IAMSyntheticParagraphsDataset.__getitem__??

In [None]:
import wandb  # for the convenient method to visualize Tensors as images

from text_recognizer.data import IAMSyntheticParagraphs

iam_synthetic_paragraphs = IAMSyntheticParagraphs()

iam_synthetic_paragraphs.prepare_data()
iam_synthetic_paragraphs.setup()


wandb.Image(iam_synthetic_paragraphs.data_train[0][0]).image

This additional synthetic data doesn't quite look like
the real data we expect to see in production,
nor is it entirely different from the data we already collected,
but it's sufficient to help our model learn better.

# FSDL Handwriting Dataset: From images to an annotated dataset

Above, we relied on an existing dataset,
already cleanly organized into images
and associated annotation files.

But data does not come to us like this.

Model inputs are generally collected or measured from the world somehow,
and annotations are often collected from humans.

Let's now walk through how that's done.

We'll use a dataset of text prompts
and handwritten responses collected during the 2019 edition of FSDL.

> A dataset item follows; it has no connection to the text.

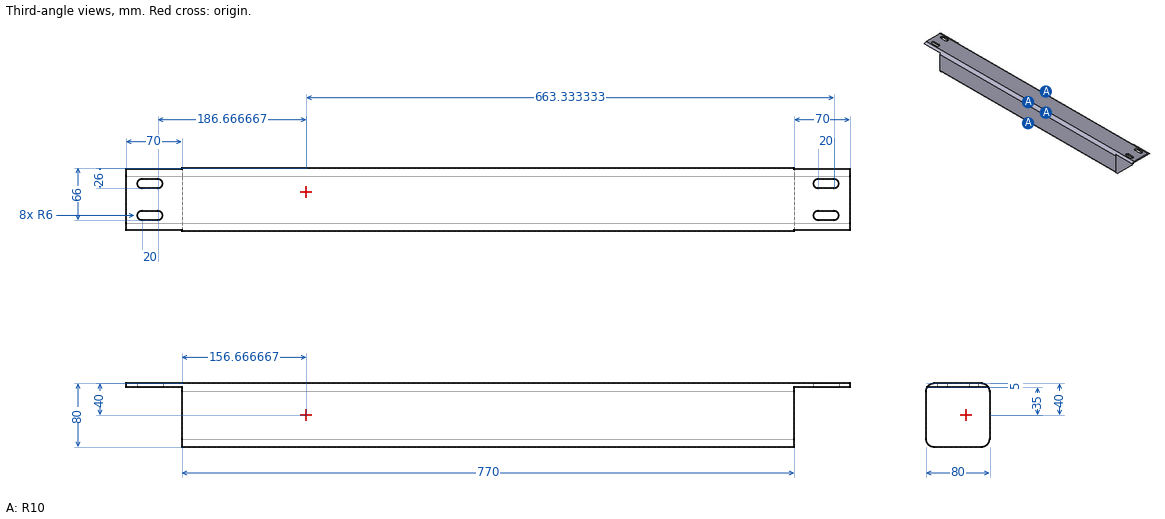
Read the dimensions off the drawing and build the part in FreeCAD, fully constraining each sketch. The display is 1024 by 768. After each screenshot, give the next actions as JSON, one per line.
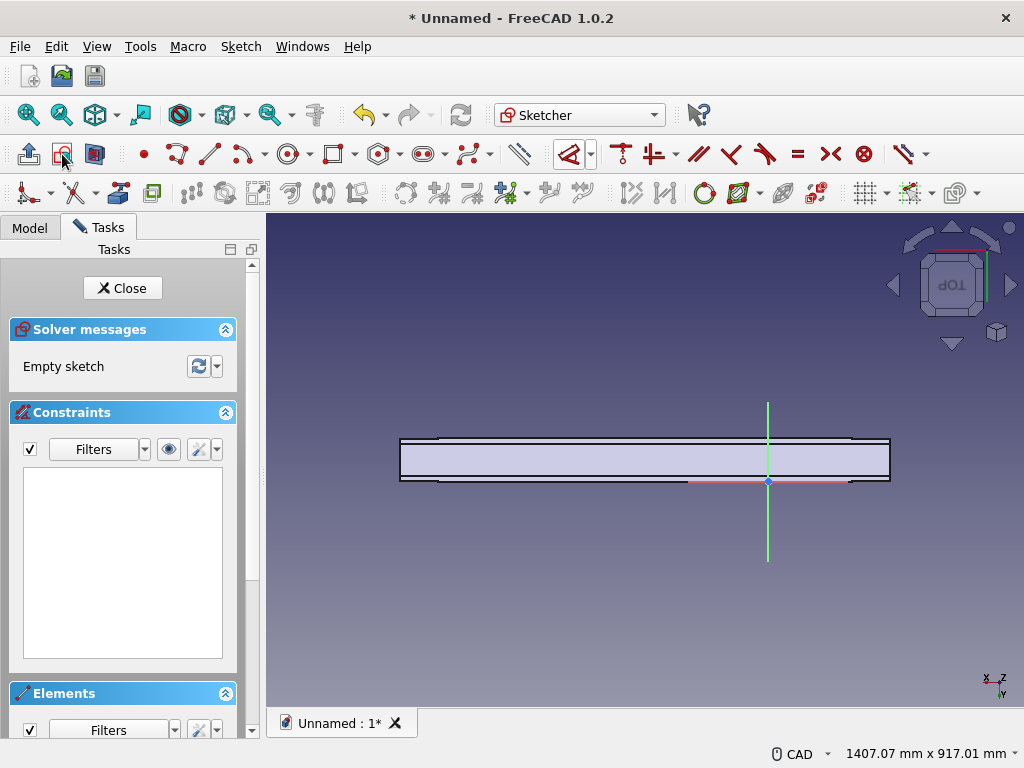
{"action": "scroll", "coordinate": [294, 443], "scroll_direction": "down", "scroll_amount": 1}

## Handling Data with AWS S3

We begin a few steps after the beginning:
data has been collected from humans who were tasked with
writing out text prompts by hand on paper forms,
and those forms were scanned and digitized.

The digitized forms were placed in storage on Amazon Web Services'
Simple Storage Service, aka S3,
which is a form of
[object storage](https://en.wikipedia.org/wiki/Object_storage).

Objects are placed into _buckets_.
Buckets are, under the hood, totally flat,
unlike the tree-structured storage we have in filesystems.
Buckets cannot contain buckets, only objects.

However, we can organize buckets into folders,
which can contain folders,
getting back something that looks a bit more like a traditional filesystem,
but which is now internet-native.

For example, the forms in our dataset all have URLs:

In [None]:
s3_bucket_name = "fsdl-public-assets"  # objects are placed into buckets
s3_directory_path = "fsdl_handwriting_20190302"  # buckets can contain "folders" for organization
# we combine this information into a base URL format for the data:
s3_url = f"https://{s3_bucket_name}.s3.us-west-2.amazonaws.com/{s3_directory_path}"
s3_url

Because this S3 bucket is publicly accessible,
the contents can be displayed just using the URL:

In [None]:
from IPython.display import Image

idx = 117
img_url = f"{s3_url}/page-{str(idx).zfill(3)}.jpg"
print(img_url)
Image(url=img_url, width=360)

That's nice for basic tasks,
like accessing an individual file.
For programmatic access to large numbers of files,
we'll want an SDK or a CLI.

We use
[`boto3`](https://boto3.amazonaws.com/v1/documentation/api/latest/index.html),
the Python SDK for Amazon Web Services.

It is named after the Portuguese term for
[river dolphins native to the Amazon river](https://en.wikipedia.org/wiki/Boto).

In [None]:
import boto3  # boto3: high-level API
from botocore import UNSIGNED  # botocore: lower-level API and components
from botocore.config import Config


# spin up a client for communicating with s3 without authenticating ("UNSIGNED" activity)
s3 = boto3.client('s3', config=Config(signature_version=UNSIGNED))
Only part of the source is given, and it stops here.